My trip to Pasadena: A zero-star review
I warned everyone. Nobody listened.
I got the same incredulous reaction from every person I talked to, from friends to fellow members of the media. No one wanted to hear that the LSU-UCLA game will not be fun. No one wanted to hear how the Rose Bowl is not actually in L.A., and how once you travel to Los Angeles, you’ll have to travel again just to get to a stadium in the middle of nowhere, with no atmosphere and none of the things that make L.A. fun.
Would it really be worth the trouble to drive all the way to Pasadena, which is 26 miles northeast of UCLA’s campus and about nine miles from Downtown L.A., just to watch LSU blow out an inferior team? What if the unthinkable happened and we went all that way just to see the Tigers lose?
All of that may sound shocking to the uninitiated but to someone like me who has lived in L.A. for eight years, these are all legitimate concerns that must be addressed.
In the end, I was right to be skeptical of the LSU-UCLA game day experience.
LSU’s pathetic 38-27 loss to unranked UCLA reminded me of another ill-fated road trip for the Tigers – their 16-14 loss to Wisconsin at Green Bay’s Lambeau Field in 2016. In that game, LSU also got pushed around by an out-of-conference opponent with inferior recruiting chops. Just like Saturday night at the Rose Bowl, the Tigers were dominated at the line of scrimmage and beaten at their own game.
In both games, the team looked unprepared and flat. In both games, the team played at an historic venue falsely propped up by the same lame narrative pushed by every broadcast team that ever worked there. Green Bay was a whole lotta nothing, as if the I-10 abyss between East Baton Rouge Parrish and Orleans Parrish had been transported to the Midwest. There was no pageantry, no electricity in the air. Just a big stadium in a big concrete parking lot surrounded by a quiet neighborhood.

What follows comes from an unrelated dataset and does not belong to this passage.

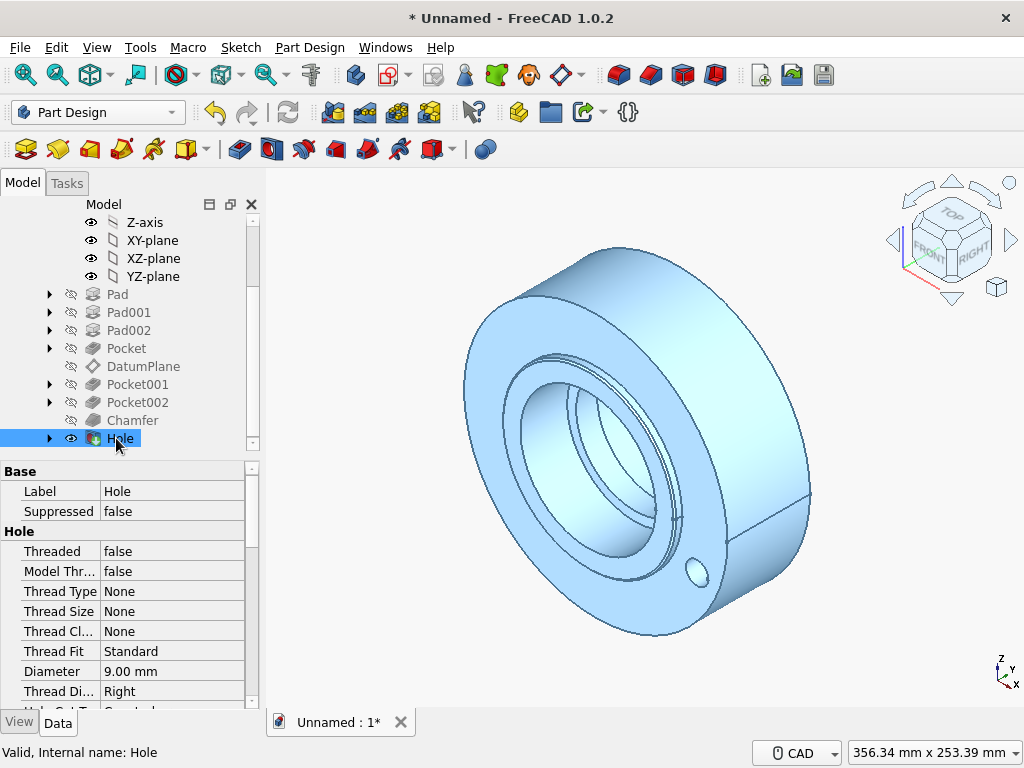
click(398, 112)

The Rose Bowl, which is as modern as City Park’s Tad Gormley Stadium, offers a similar vibe.
My warnings of a lame game day experience really sunk in as I and my friends found ourselves trapped on the side of the Colorado Street Bridge after the game, trying desperately to find a safe place to hail a rideshare home because the Rose Bowl does not provide an area to do so. On top of that, the stadium’s contraflow plan prevents Ubers and Lyfts from getting anywhere near the stadium itself.
But we all should have known the night would go sideways when we arrived in Old Town Pasadena on Saturday afternoon to find an infrastructure completely unprepared for the crush of traveling LSU fans. Bars and restaurants seemed to only have one or two servers working at a time, unable to meet the needs of thirsty Louisianans.

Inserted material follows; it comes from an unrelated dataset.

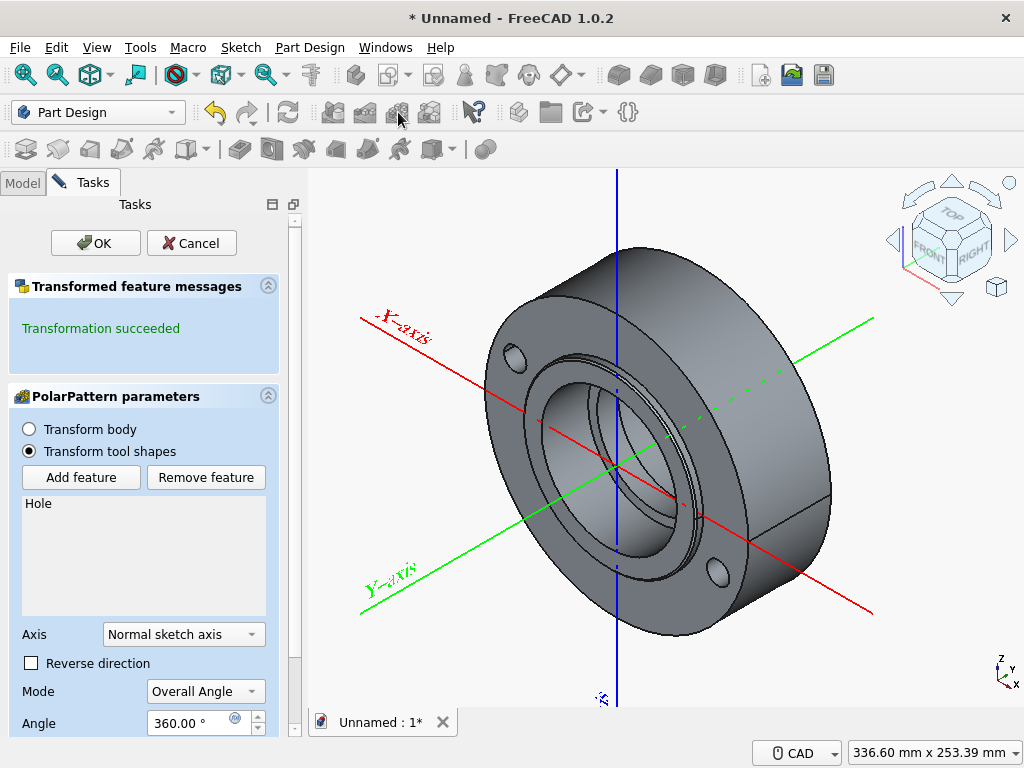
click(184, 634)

This was Pasadena’s chance to shine, its chance to impress one of the most loyal and well-traveled fan bases in all of sports. It was as if no one had ever heard of LSU, as if they didn’t know there was a game.
We should’ve known the night would go sideways when we realized the Golden Band from Tigerland didn’t travel with the team. We should’ve known the night would go sideways when LSU QB Max Johnson did his best Aaron Brooks impression and embarrassed us all by lobbing a bizarre backwards pass behind his back.
We should’ve known it would go sideways when I warned everyone that watching a game at the Rose Bowl, an outdated stadium that hosts a team playing “home games” over an hour away from its campus, was not worth the hassle.
I hope everyone learned their lesson as they sat in L.A. traffic, the weight of LSU’s failure sinking in.
The biggest revelation from the Saturday night not spent in Death Valley was that this year, the LSU football team and the UCLA game day experience have one thing in common: they’re not what we thought they were, existing only as dim shadows of what the pundits talked them up to be.